The mesh is not a default gateway — wt0 routes only the overlay CIDR (100.99.0.0/16);
normal traffic uses the host's default route. So an askari outage has a narrow blast
radius:
| Traffic | askari down |
|---|---|
| LAN device → LAN service (direct / via reverse proxy) | unaffected |
| node ↔ node over LAN IPs (cluster) | unaffected |
| node ↔ node same-LAN over mesh IPs | unaffected (direct P2P) |
road-warrior → ubongo (remote, relayed) |
breaks |
| mesh control plane (new enrol / ACL change / re-handshake) | pauses |
Only remote (off-LAN) mesh access to peers is lost, and only when off-LAN and askari
is down simultaneously.

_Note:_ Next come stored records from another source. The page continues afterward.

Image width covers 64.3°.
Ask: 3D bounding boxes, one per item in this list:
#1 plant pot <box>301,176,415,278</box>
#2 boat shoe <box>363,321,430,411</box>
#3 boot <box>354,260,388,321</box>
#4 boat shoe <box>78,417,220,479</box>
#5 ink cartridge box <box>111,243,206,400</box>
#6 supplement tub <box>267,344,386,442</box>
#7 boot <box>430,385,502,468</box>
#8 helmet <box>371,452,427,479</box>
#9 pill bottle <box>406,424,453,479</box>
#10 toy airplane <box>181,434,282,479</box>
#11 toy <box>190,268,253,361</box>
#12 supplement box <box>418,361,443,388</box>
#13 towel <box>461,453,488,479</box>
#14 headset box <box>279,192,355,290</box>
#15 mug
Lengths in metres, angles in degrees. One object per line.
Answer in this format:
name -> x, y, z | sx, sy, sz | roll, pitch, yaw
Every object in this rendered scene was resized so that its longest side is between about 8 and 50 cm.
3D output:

On-LAN access to ubongo never depends on the mesh (Recovery &
operations, above).
Recovery: rebuild the coordinator (/setup + re-enrol peers, M5) or restore from backup
once ADR-022 lands; the netbird_coordinator store backup is the next sub-project (its
gap is named in R8 and BACKUP.md). Client/road-warrior break-glass (reliable resolvers +
the coordinator-FQDN /etc/hosts pin) is in docs/runbooks/netbird-client.md; managed mesh
hosts get the same pin via base__mesh_coordinator_pin.

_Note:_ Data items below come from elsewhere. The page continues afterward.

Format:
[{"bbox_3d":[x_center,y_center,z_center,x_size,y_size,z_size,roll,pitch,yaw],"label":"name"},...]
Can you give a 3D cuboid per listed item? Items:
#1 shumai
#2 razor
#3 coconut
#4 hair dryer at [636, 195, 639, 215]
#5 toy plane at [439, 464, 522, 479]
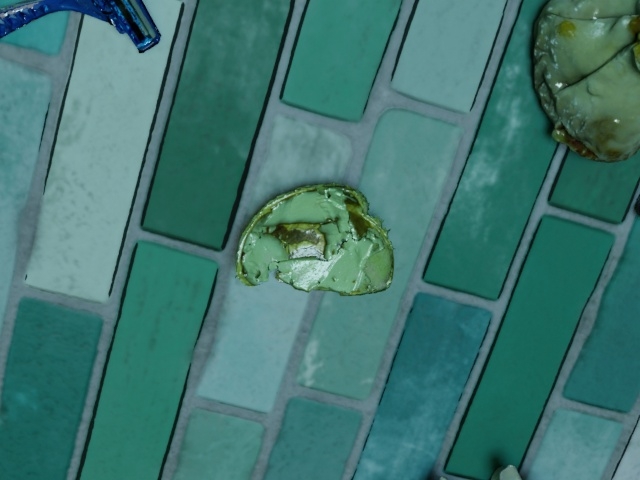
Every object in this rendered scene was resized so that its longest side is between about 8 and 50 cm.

Not pursued (deliberately, given the narrow blast radius): direct P2P (punctures the default-deny posture; only helps established sessions), a second relay (needs another public host / reintroduces the home public surface), a second coordinator (unsupported by self-hosted NetBird; against this ADR).
Related
ADR-007 (network — amended), ADR-015 (control host), ADR-002 (security),
ADR-011 (version pinning), ADR-004 (one service = one role), ADR-009 (TF↔Ansible
handoff), ADR-013 (heritage — V4 ran WireGuard; NetBird is translated, not transplanted),
ADR-021 (operational access; SSH ladder reconciling wt0 + ubongo's LAN address).